Role of Allogeneic Stem Cell Transplantation (AlloSCT) in Patients Affected By Peripheral T-Cell Lymphomas (PTCL): No Difference in Outcome Between Patients Allografted at Diagnosis and in First Chemosensitive Relapse

Introduction: Despite novel therapies are under investigation in peripheral T-cell lymphomas (PTCL), the majority of the patients (pts) still have a dismal outcome. AlloSCT seems an effective approach in the salvage setting, but very small series of pts have been transplanted at diagnosis.

Methods: We report the long-term outcome (median follow-up of 60 months) of 72 pts affected by PTCL who underwent AlloSCT at diagnosis (Allo1) (n=23) or for chemosensitive relapse (Allo2) (n=49) that have been enrolled in two transplantation protocols. Pathological classification included: 20 PTCL-not otherwise specified (PTCL-NOS), 2 anaplastic large cell lymphoma (ALCL) and 1 rare subtype in Allo1 group; 18 PTCL-NOS, 11 ALCL, 8 AILD and12 rare subtypes in Allo2 group. Donor sources were HLA-matched siblings [n=39: n=13 Allo1 and n=26 Allo2 (p=0.80)], matched or mismatched unrelated donors [n=25: n=10 Allo1 and n=15 Allo2 (p=0.30], and haploidentical family donors [n=8, only in the Allo2 group]. All pts underwent transplant with chemosensitive disease: 45 in complete remission (CR) (63%) [n=20 Allo1, n=25 Allo2 (p=0.003)]; 27 in partial remission (PR) (37%) [n=3 Allo1, n=24 Allo2 (p=0.003)]. In the Allo2 group, 37 pts (75%) were allografted in first relapse and 12 in second relapse.

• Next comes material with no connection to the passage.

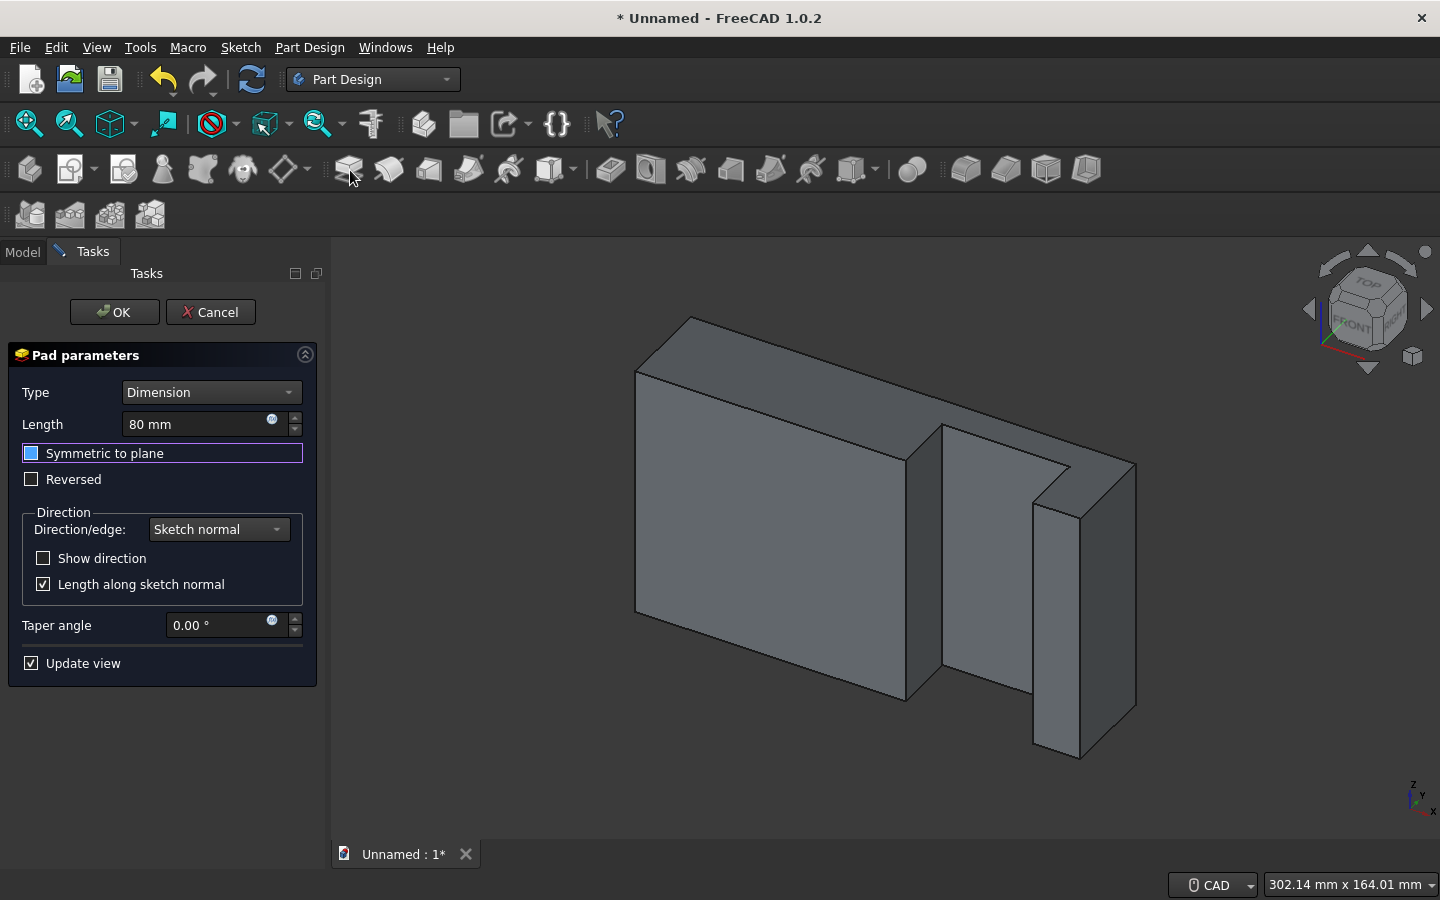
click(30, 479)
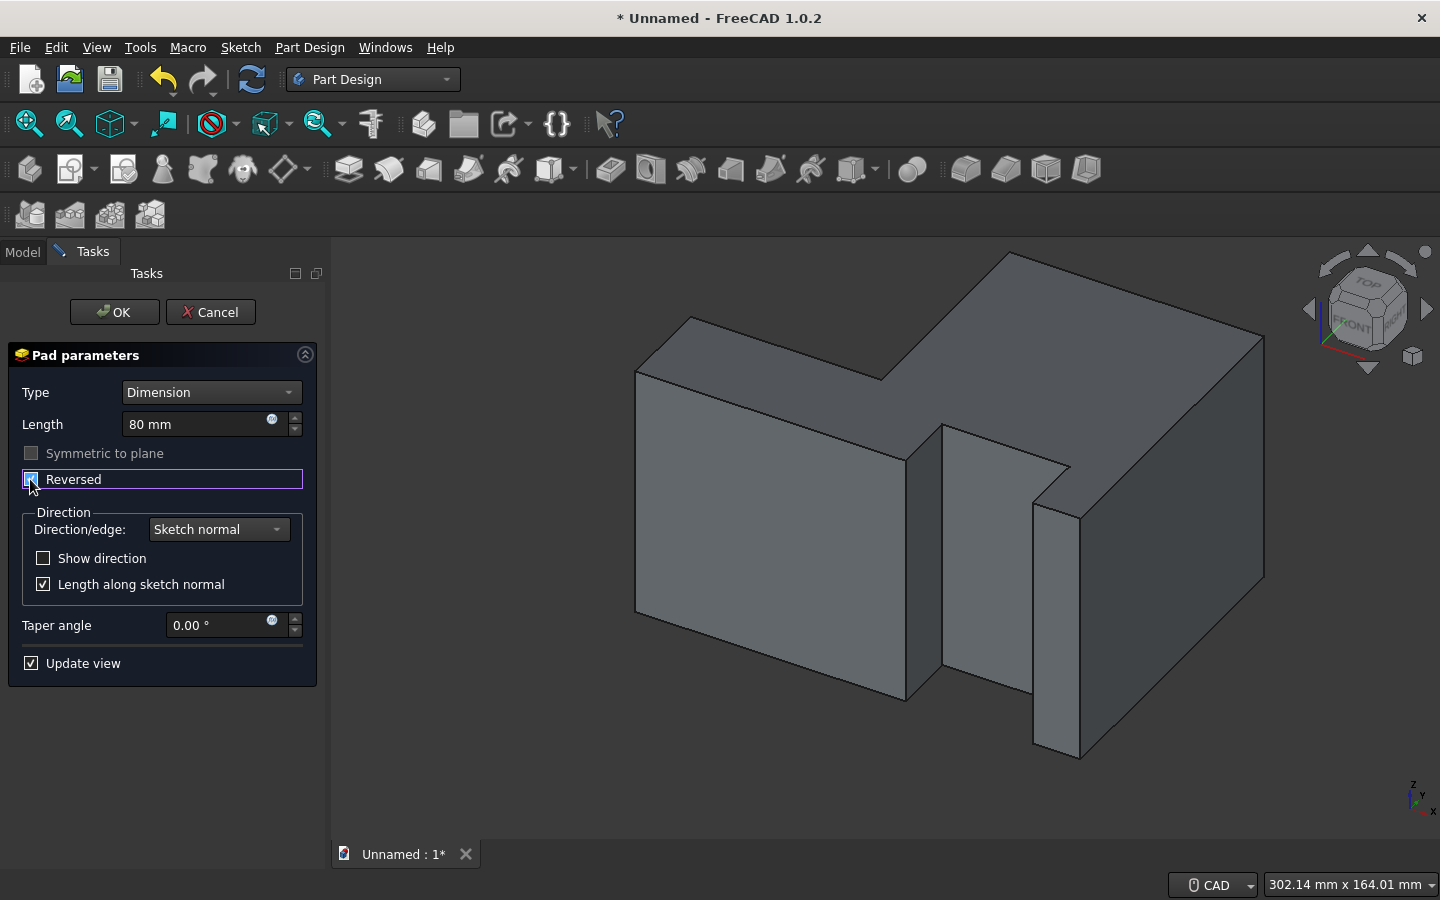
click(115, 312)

Results: In the Allo1 group, at a median follow-up of 59 months, of the 23 pts 15 (65%) are alive in CR, 4 (17%) died for progressive disease (PD), 3 for non-relapse mortality (NRM, 13%) and 1 for myocardial infarction. In the Allo2 group, at a median follow-up of 64 months, of the 49 pts 31 (63%) are alive (29 in CR), 11 (22%) died for PD and 6 (12%) for NRM while 1 for a second cancer. Five years crude cumulative incidence of relapse was 18% and 38% in Allo1 and Allo2 group (p=0.11), respectively. Five-year relapse-free survival (RFS), progressive-free-survival (PFS), and overall-survival (OS) were as follows: 80%, 60% and 62%, respectively, in Allo1 group; 61%, 47%and 59%, respectively, in Allo2 group without any statistical difference. However, we observed a significant difference in PFS between pts allografted at diagnosis and those in second-relapse (5-year PFS 61% versus 16%, p=0.0044) but not between the allografted at diagnosis and first-relapse (5-year PFS 61% versus 57%, p=0.92). When analyzed pts affected by PTCL-NOS, a better PFS trend was confirmed in pts receiving allograft at diagnosis or in first relapse as compared to second relapse [5-year PFS: 65% versus 55% versus 25%, respectively, (p=0.2)]. Pts who went to alloSCT in first CR did not have a significant advantage [5-year PFS and OS: 59% versus 43% (p=0.44); 60% versus 58% (p=0.82) in Allo1 and Allo2 group, respectively].

Conclusions: Despite the limitations due to the sample size, this is the first analysis in this setting. AlloSCT should be not indicated as a consolidation of first complete or partial remission approach/treatment outside a clinical trial. In fact, AlloSCT is very effective in patients with chemosensitive first relapse.